Friday, July 4, 2008

The July 4th Report: Yeah, We're In a Recession

As the United States celebrates its 232nd birthday with parades, barbecues, baseball, fireworks and people like me exercising their right of free speech, it's time to look back on the first half of 2008.

Wars are still being fought in Iraq and Afghanistan, with no agreement on how to gracefully get out. Oh, and there's the small matter of capturing the man the government believes made all this necessary in the first place.

The presidential campaign has come down to two senators, a young African-American man from Illinois and an old soldier from Arizona. When they're not sniping over the quality of each other's patriotism, they have yet to convince voters of the substance behind the promises they made in order to get elected.

Gas prices are now over $4 a gallon, which is being blamed in part on oil speculators and rising demand in China and India. Since oil is so integral to the nation's economy, an ingredient in almost everything we buy, the price of goods and services goes up. Plans are afoot to develop new energy sources that are more environmentally friendly, but nobody's come up with a better (and cheaper) alternative to oil.

Foreclosures are another reason why the American economy is down. Never mind people who tried to pay for those McMansions they couldn't afford to live in. It's the people who can't find a place to live in, period.

The so-called "experts" disagree on whether or not we're in a recession. If you're unemployed, lose your house, and are trying to decide if paying for groceries is more important than filling up the tank, then yeah, we're in a recession.

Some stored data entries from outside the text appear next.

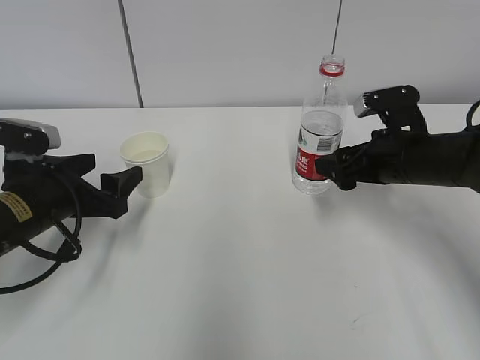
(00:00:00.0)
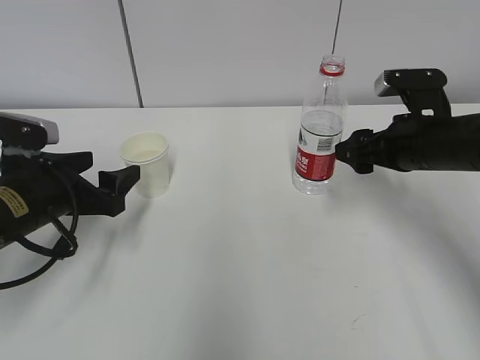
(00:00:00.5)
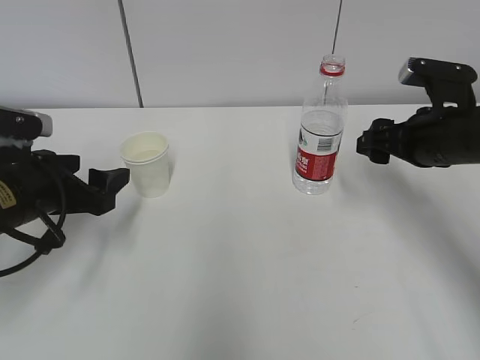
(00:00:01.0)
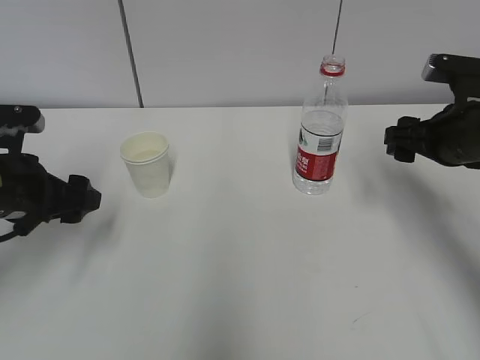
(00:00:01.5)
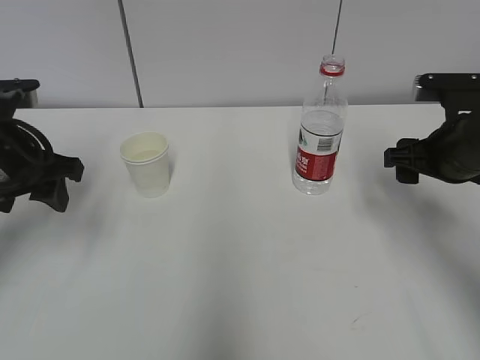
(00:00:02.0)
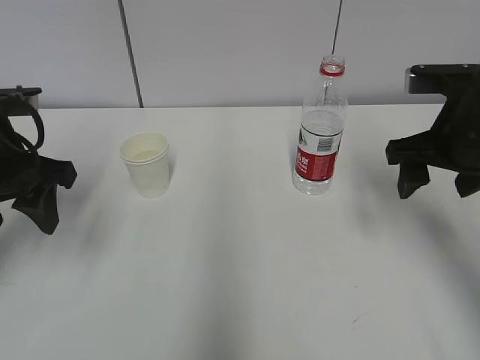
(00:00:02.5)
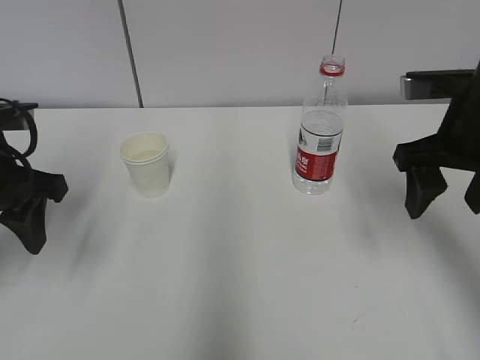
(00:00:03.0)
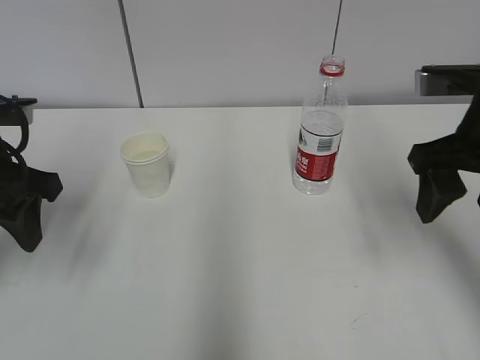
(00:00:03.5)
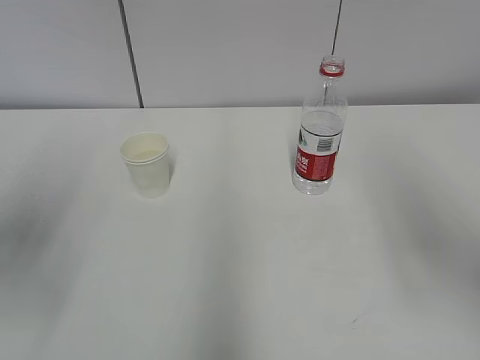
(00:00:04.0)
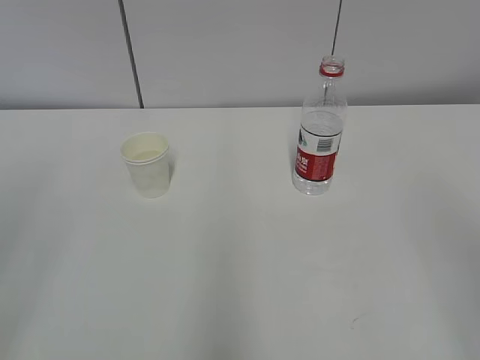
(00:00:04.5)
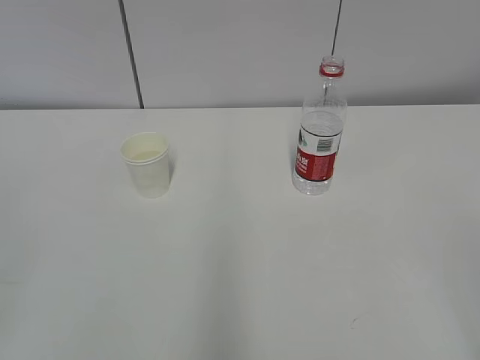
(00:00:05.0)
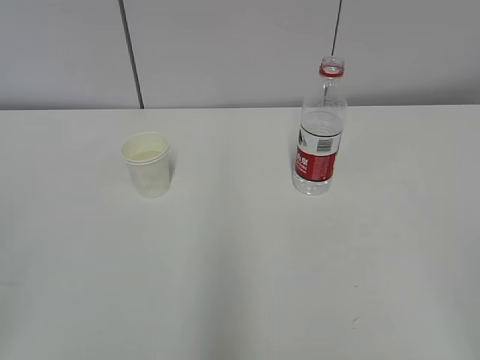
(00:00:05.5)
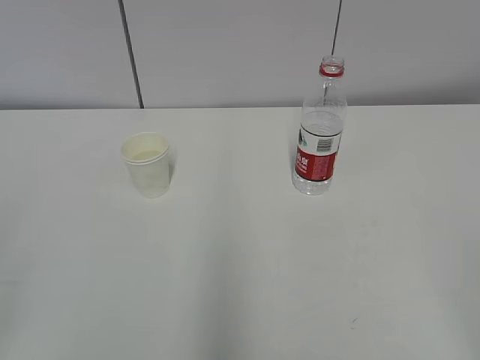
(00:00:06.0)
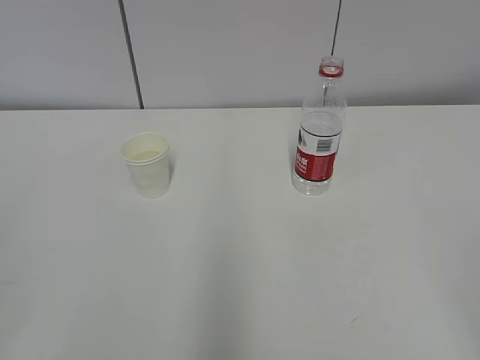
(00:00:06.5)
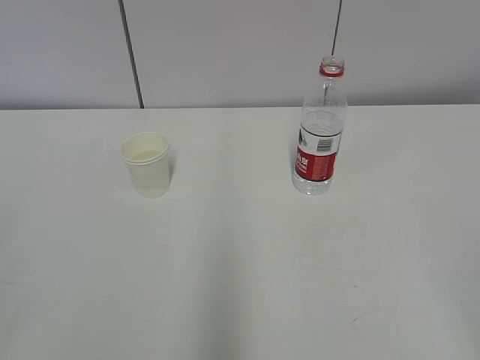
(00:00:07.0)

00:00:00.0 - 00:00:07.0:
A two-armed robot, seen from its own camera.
00:00:00.0 - 00:00:02.0: The right gripper changes place by some 5 cm, while the left gripper heads upward, covering some 10 cm.
00:00:02.0 - 00:00:03.5: The right gripper goes approximately 10 cm upward.
00:00:03.5 - 00:00:05.0: The grippers both shift backward by approximately 30 cm.
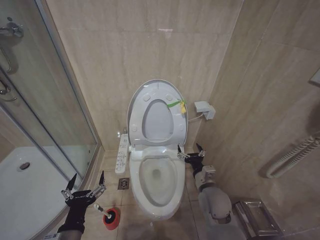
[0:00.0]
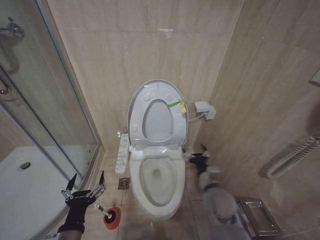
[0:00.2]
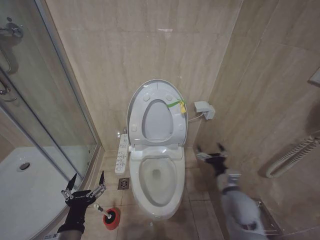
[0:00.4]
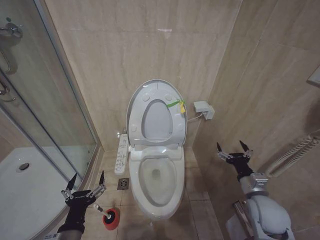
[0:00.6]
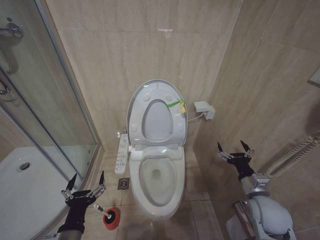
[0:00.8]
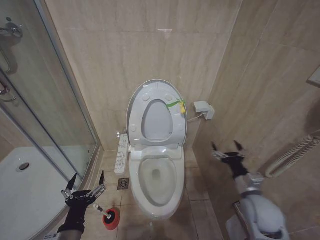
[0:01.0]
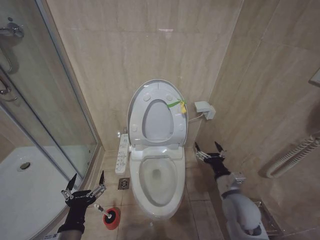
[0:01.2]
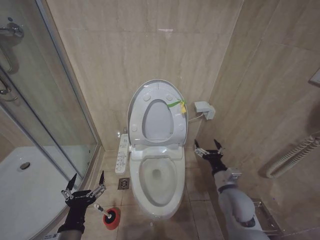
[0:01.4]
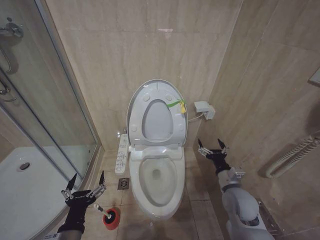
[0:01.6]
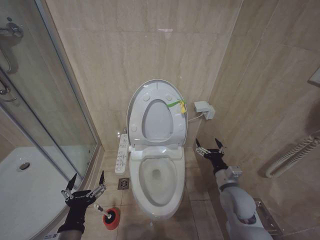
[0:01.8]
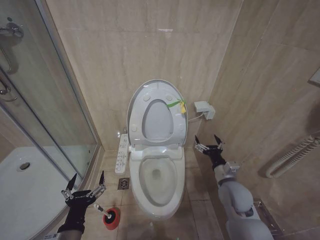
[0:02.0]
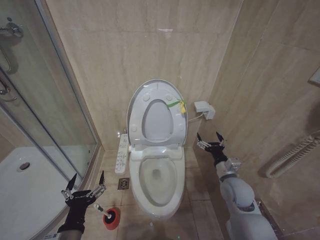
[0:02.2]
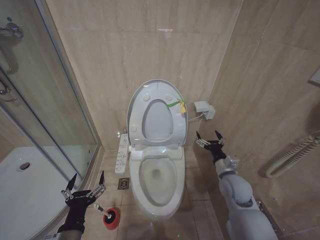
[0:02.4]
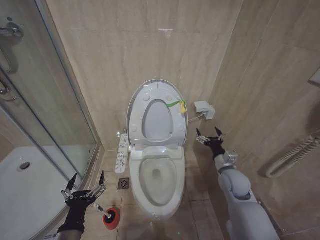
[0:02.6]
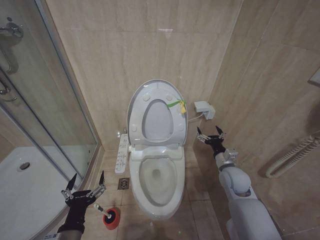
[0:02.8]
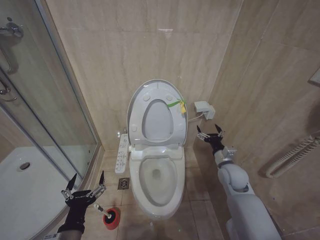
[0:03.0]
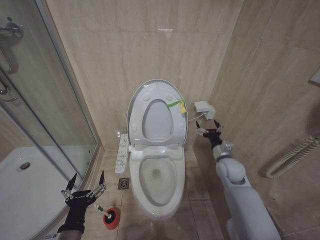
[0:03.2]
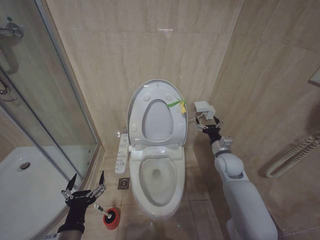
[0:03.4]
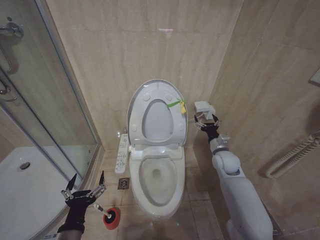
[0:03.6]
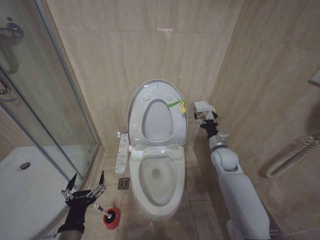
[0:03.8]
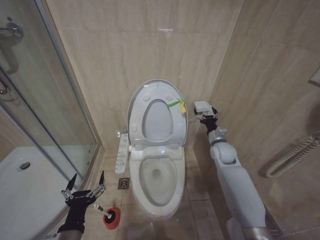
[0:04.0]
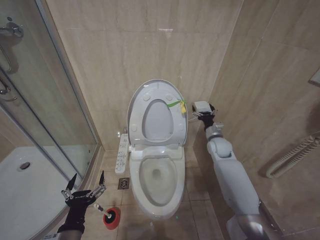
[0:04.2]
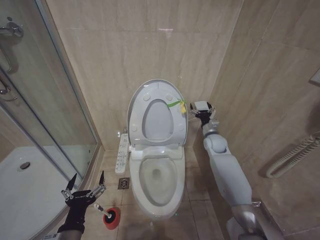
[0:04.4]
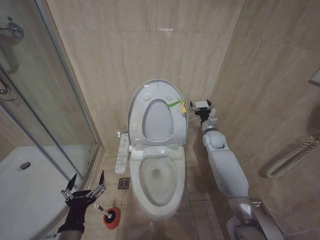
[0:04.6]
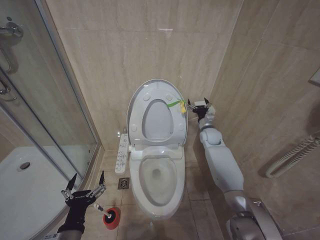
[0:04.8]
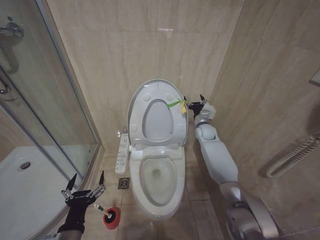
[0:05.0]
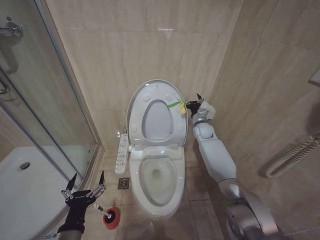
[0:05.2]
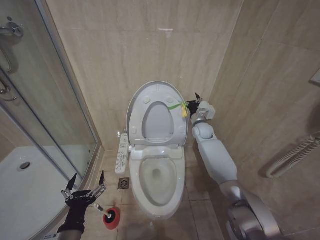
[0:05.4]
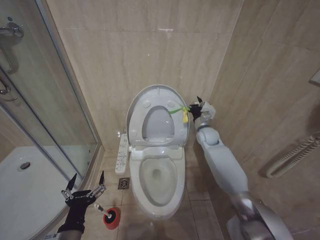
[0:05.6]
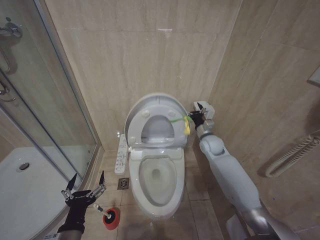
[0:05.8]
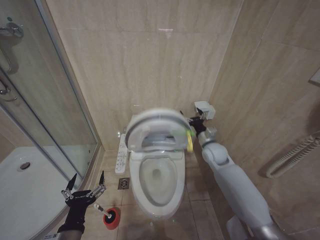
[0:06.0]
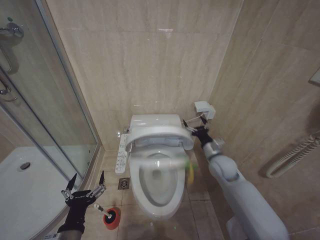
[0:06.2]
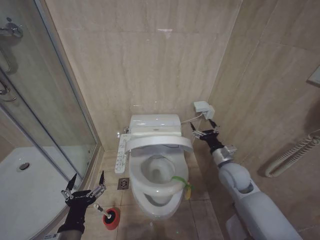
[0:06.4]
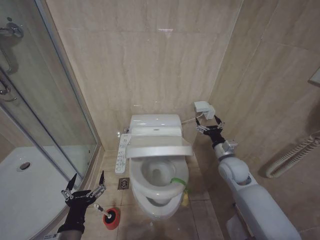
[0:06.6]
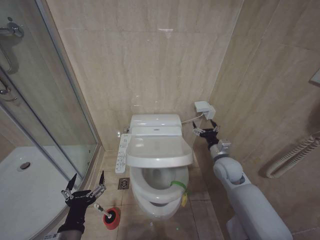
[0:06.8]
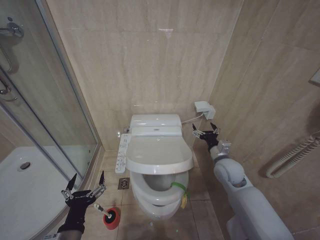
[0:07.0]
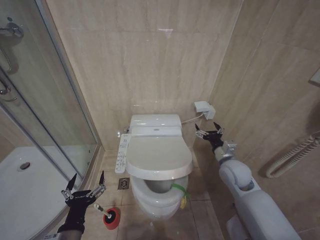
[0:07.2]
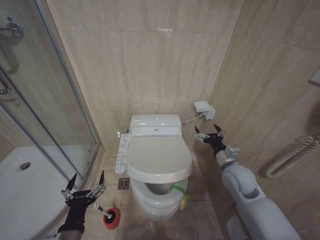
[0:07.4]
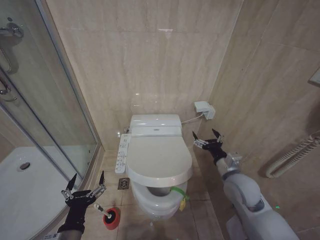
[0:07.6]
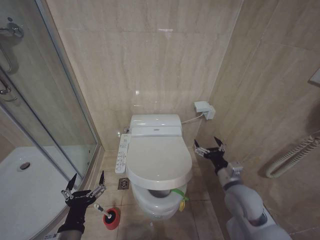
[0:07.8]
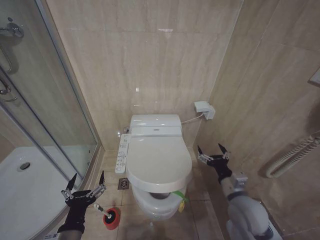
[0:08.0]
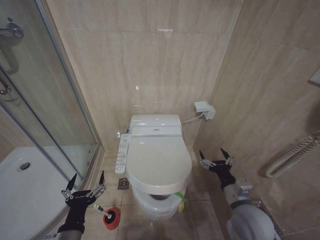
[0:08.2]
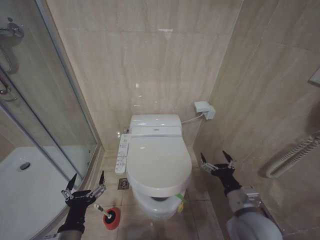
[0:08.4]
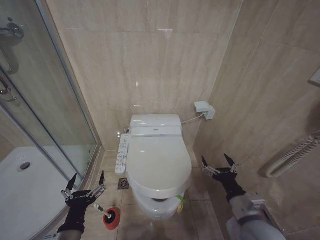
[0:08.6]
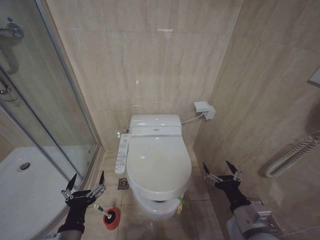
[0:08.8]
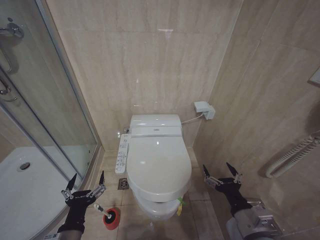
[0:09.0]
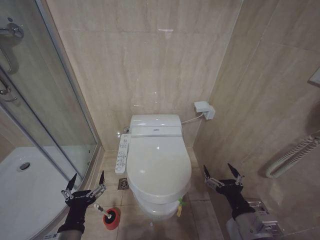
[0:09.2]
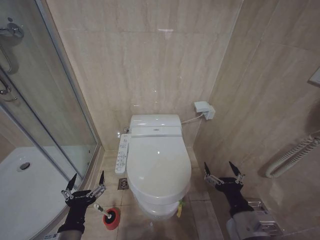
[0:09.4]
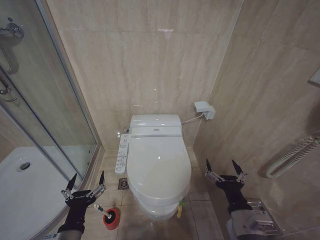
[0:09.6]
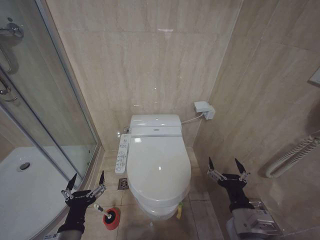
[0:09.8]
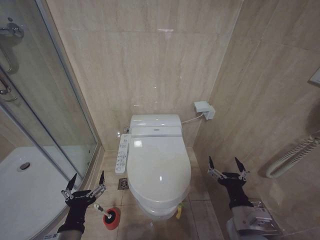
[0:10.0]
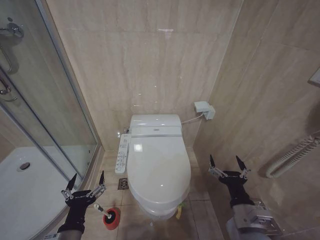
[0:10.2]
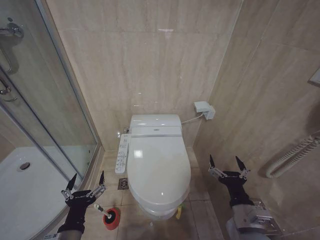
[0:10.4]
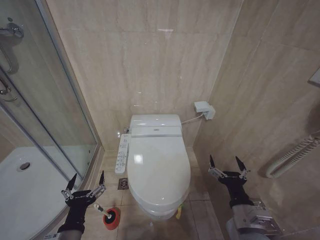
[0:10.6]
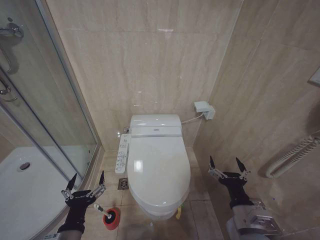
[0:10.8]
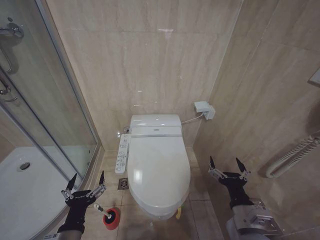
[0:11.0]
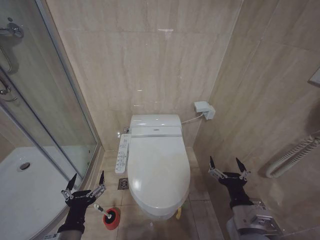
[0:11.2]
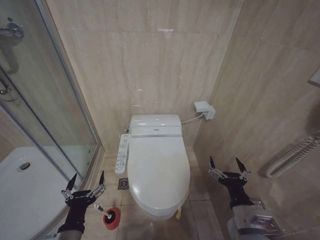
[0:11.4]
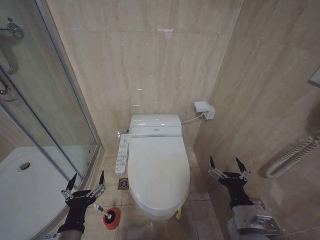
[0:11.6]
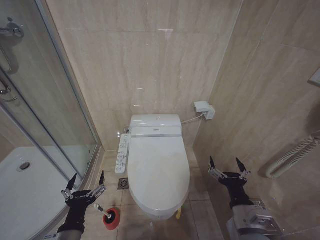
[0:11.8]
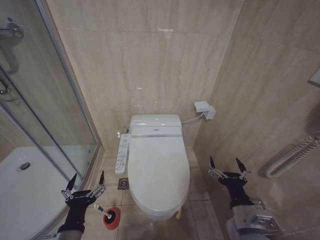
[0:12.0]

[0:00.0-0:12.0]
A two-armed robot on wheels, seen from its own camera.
Task of the whole recording: Open the toilet lid, clean the toilet bowl with a toilet brush, close the toilet lid, and flush.
0:00.0 to 0:01.6: The right gripper shifts approximately 10 cm to the right.
0:01.6 to 0:03.0: The right gripper heads forward, covering about 10 cm.
0:03.0 to 0:04.4: The right gripper is displaced forward by approximately 15 cm.
0:04.4 to 0:06.0: The right gripper ends up roughly 5 cm from where it was.
0:06.0 to 0:07.6: The right gripper is displaced backward by about 15 cm.
0:07.6 to 0:09.0: The right gripper shifts approximately 15 cm backward.
0:09.0 to 0:10.4: The grippers make only small movements.
0:10.4 to 0:12.0: The two grippers keep their place.

The catastrophic flooding that recently hit the Midwest had us wondering: If a disaster occurs in a part of the country with no major cities, a mostly homogenous population that hasn't been scattered around, and no civil unrest that we know of, does it make a sound? We know two places: the grocery store and the convenience store, where corn prices just went through the roof.

So enjoy your hot dogs, ballgames and fireworks displays this weekend. Just remember how much you ended up spending on them to boost America's economy.